As pro-life liberal writer Jim Trageser once wrote:
I have vehemently condemned these attacks for the exact same reason I condemn abortion—we do not have the right to take another’s life… To suggest I am guilty or share the blame for these abominable attacks is to stretch the meaning of personal responsibility beyond all reasonable recognition.
He went on to note the absurdity of blaming Martin Luther King Jr. for the Black Panthers or Abraham Lincoln for John Brown, simply because they opposed the same injustice. Moral agreement on ends does not imply approval of all means.
Notably, pro-life groups have often cooperated with law enforcement to bring perpetrators of clinic violence to justice. Organizations such as Feminists for Life and Priests for Life have, at various times, publicly offered rewards for information leading to the arrest of those responsible for violent acts, an inconvenient fact for those who insist that violence is somehow intrinsic to the pro-life cause.
Violence Is Not Confined to One Side
Another uncomfortable truth is that extremism is not unique to one ideological camp. While pro-life violence receives (rightly) strong media attention, criminal acts connected to pro-choice individuals or motivations have also occurred. In fact, Human Life International (www.hli.org) has documented over 7000 incidents of criminal activity by pro choice extremists. They include 880 homicides and other killings, 86 attempted murders, 23 arsons and bombings, 787 assaults, 1,798 sex crimes (including 169 rapes), 59 kidnappings, 420 cases of vandalism, 270 drug-related crimes and .1,577 medical crimes. Some examples:
- In 1993, pro choice activist Eileen Ornstein Janezik shot and killed Jerry Simon, who was a minister, radio host and pro life activist. Janezik then continued to hold police at bay for six more hours.
- In 1994, abortion provider Alicia Ruiz Hanna was convicted of murdering her patient, Angela Sanchez after Sanchez died at her clinic. Hanna then attempted to stuff Sanchez’s body into the trunk of her car, as Sanchez’s four children looked on.
- in 1998, pro choice activist Alfred E. Smith was convicted of murdering his ex girlfriend, Deena Moody, specifically because she refused to have an abortion.
These acts are rarely framed as “pro-choice violence,” but that same restraint should be applied consistently. The point is not to engage in moral scorekeeping or to relativize wrongdoing. Violence does not become acceptable because the “other side did it too.” Rather, the point is to reject the false narrative that one side is inherently violent while the other is morally pure.
Post-Dobbs: Higher Stakes, Greater Responsibility
Since the Supreme Court’s Dobbs v. Jackson decision in 2022, abortion policy has returned largely to the states. This has intensified political activism on both sides—and, in some cases, heightened rhetoric and intimidation.
In this climate, the temptation to demonize opponents is strong.

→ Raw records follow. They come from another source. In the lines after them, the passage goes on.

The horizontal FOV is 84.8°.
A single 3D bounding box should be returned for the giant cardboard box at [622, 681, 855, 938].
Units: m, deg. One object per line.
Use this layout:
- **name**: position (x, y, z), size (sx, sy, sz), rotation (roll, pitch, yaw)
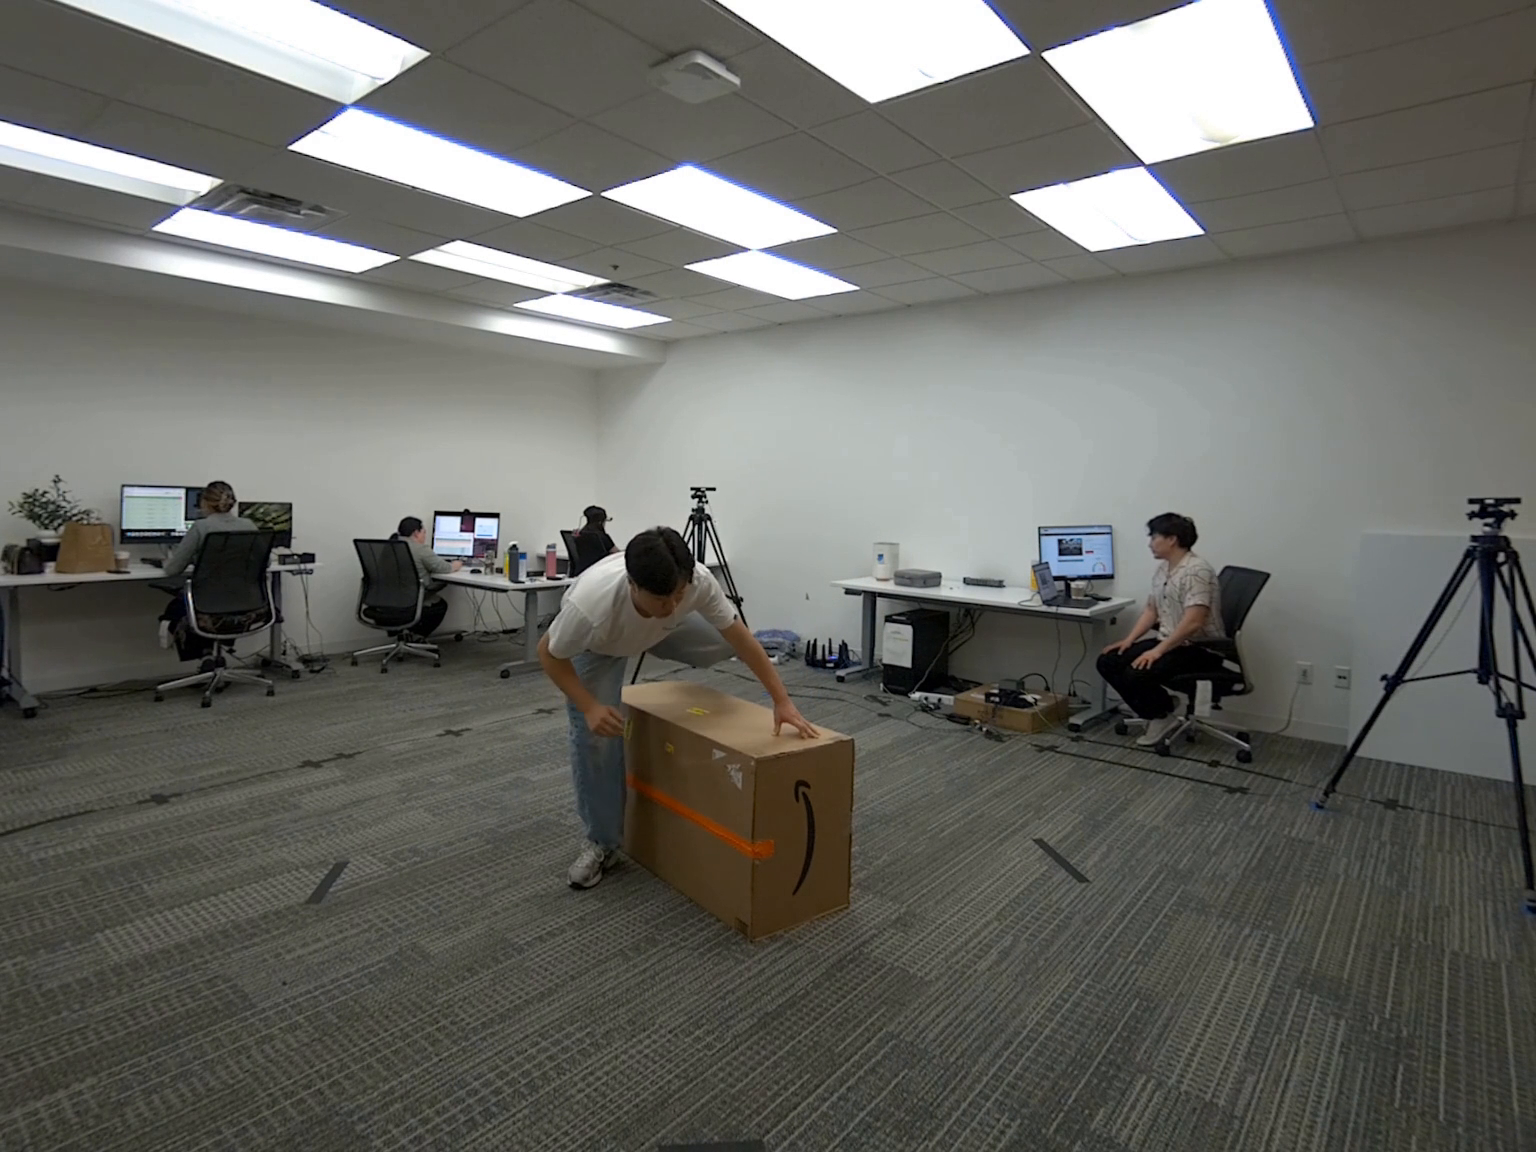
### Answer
- **giant cardboard box**: position (-0.212, 0.780, 3.114), size (0.413, 0.576, 1.060), rotation (-1, 5, -38)

But if there is any common ground left in the abortion debate, it must include this principle:
Violence and coercion are never legitimate tools of persuasion in a democratic society.

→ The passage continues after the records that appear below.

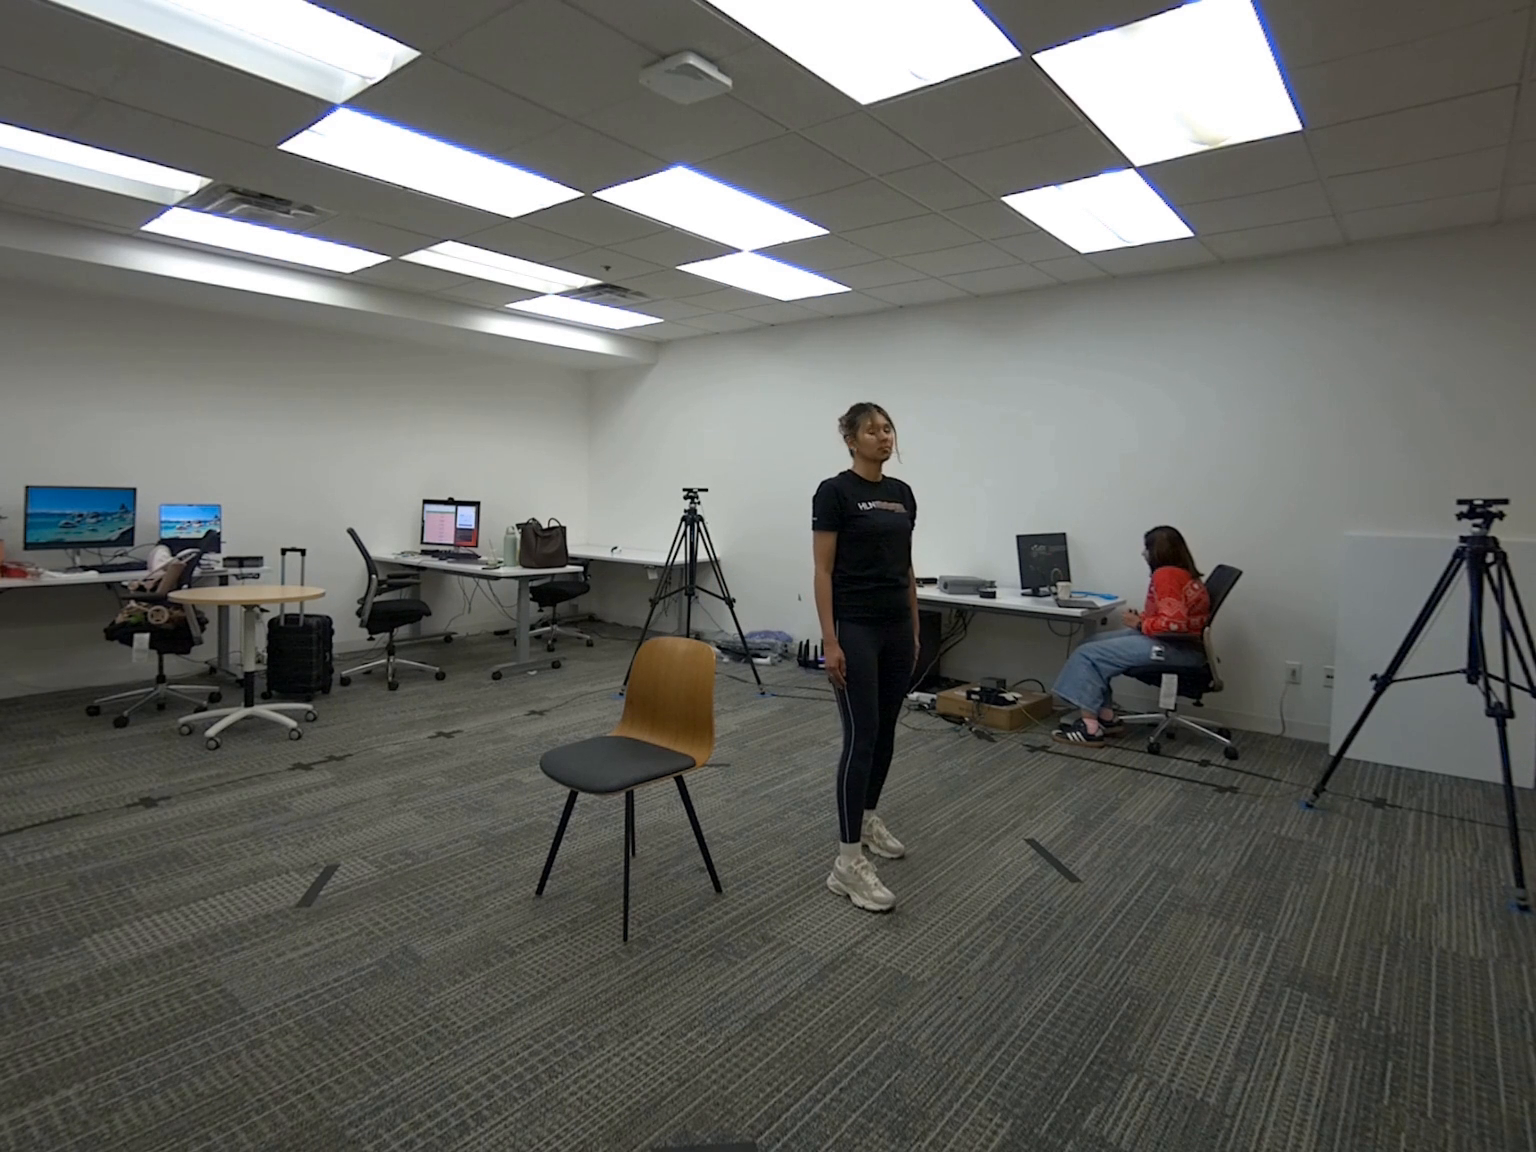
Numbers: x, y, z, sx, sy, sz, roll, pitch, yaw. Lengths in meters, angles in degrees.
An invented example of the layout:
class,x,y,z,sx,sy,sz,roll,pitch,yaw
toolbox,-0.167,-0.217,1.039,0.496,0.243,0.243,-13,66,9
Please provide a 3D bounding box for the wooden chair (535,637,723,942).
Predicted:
class,x,y,z,sx,sy,sz,roll,pitch,yaw
wooden chair,-0.476,0.660,2.876,0.494,0.878,0.506,4,0,39
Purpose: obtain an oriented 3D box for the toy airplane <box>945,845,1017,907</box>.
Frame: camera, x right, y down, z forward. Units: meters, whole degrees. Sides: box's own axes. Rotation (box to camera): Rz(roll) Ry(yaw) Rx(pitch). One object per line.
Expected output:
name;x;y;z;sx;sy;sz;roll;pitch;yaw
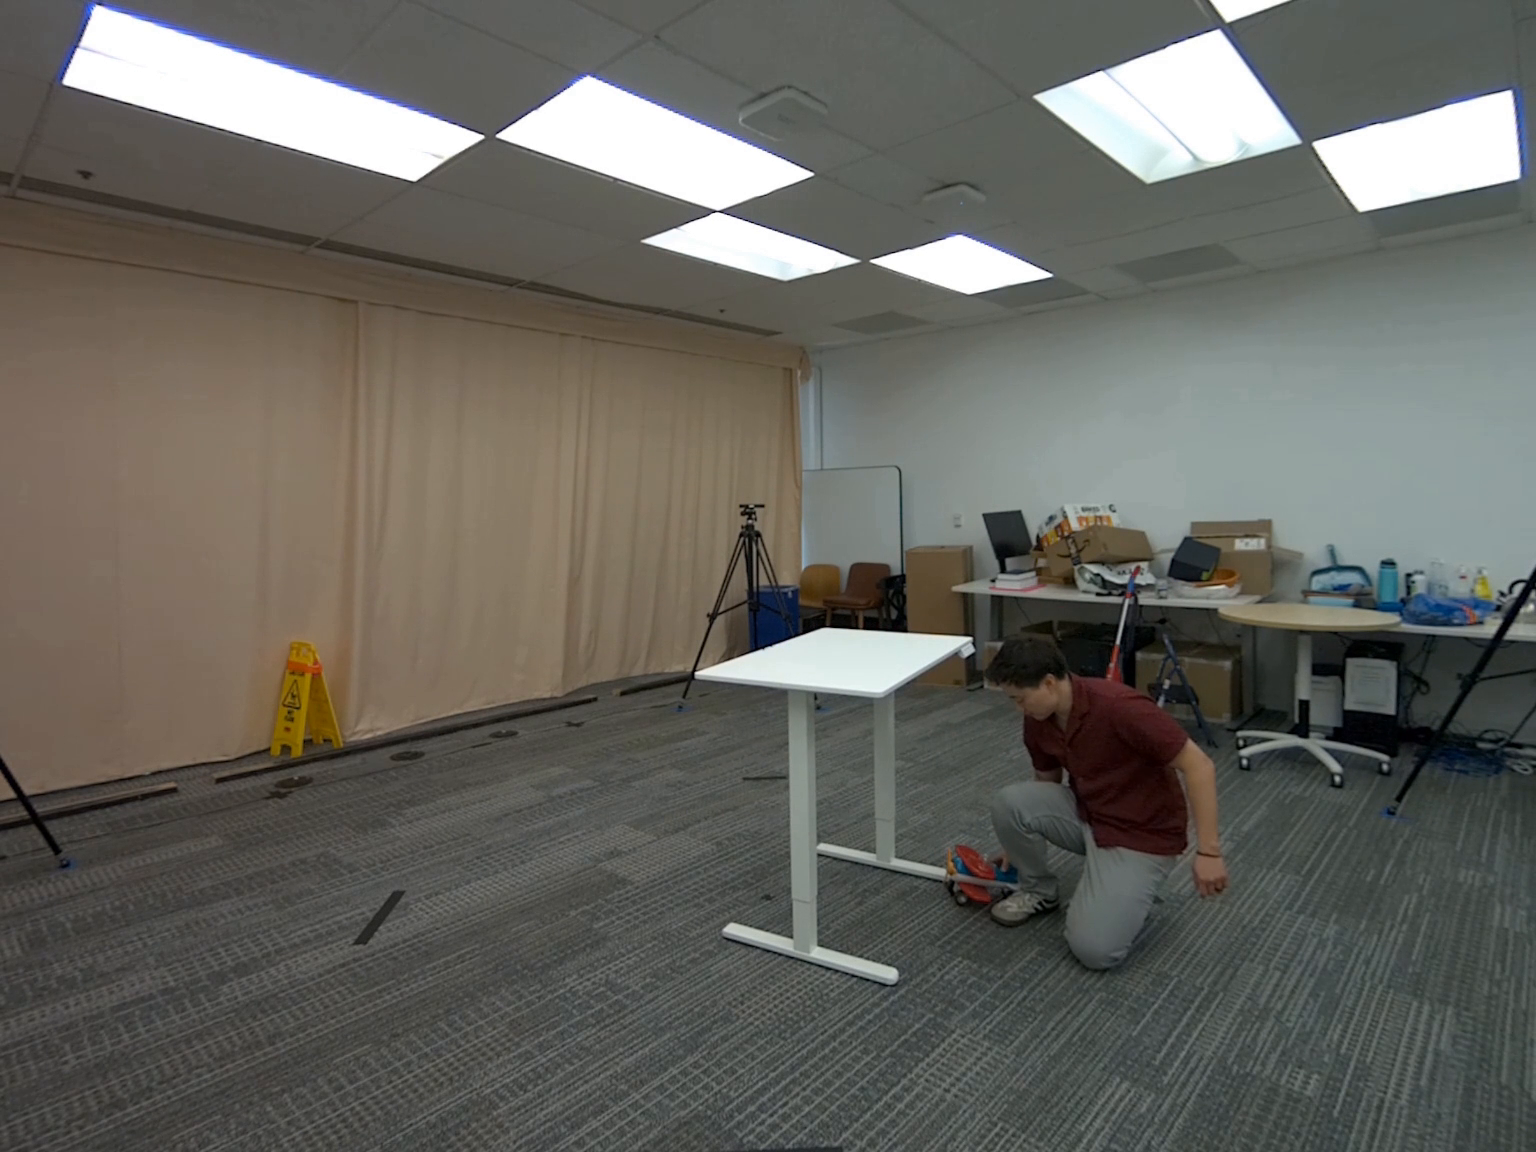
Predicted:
toy airplane;0.749;1.053;2.953;0.252;0.156;0.258;-4;5;-30

- Not when clinics are attacked.
- Not when churches are vandalized.
- Not when pregnancy centers are firebombed.
- Not when individuals are threatened or harassed for their views.

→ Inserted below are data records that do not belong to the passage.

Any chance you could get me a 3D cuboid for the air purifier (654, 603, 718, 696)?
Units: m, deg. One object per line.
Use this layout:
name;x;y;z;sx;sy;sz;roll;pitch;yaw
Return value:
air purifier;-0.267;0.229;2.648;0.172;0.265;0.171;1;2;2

To excuse violence because one believes the cause is righteous is to abandon moral reasoning altogether. That logic, carried to its conclusion, is the logic of terrorism.
A Call for Moral Clarity
Abortion touches the deepest questions of life, sex, responsibility, religion, autonomy, and justice. People will continue to disagree, often passionately. Debate, protest, voting, persuasion, and peaceful advocacy are all legitimate. Violence is not.
If we are serious about defending human dignity, whether unborn life, women in crisis, medical workers, or political opponents—then we must refuse the easy slander of guilt by association and the dangerous allure of righteous aggression.
No cause, however noble it may appear to its supporters, is made better by bloodshed. And no movement should be judged by its worst criminals rather than its clearly stated principles and consistent actions.
Condemning violence should not be controversial. It should be the minimum moral consensus we all share.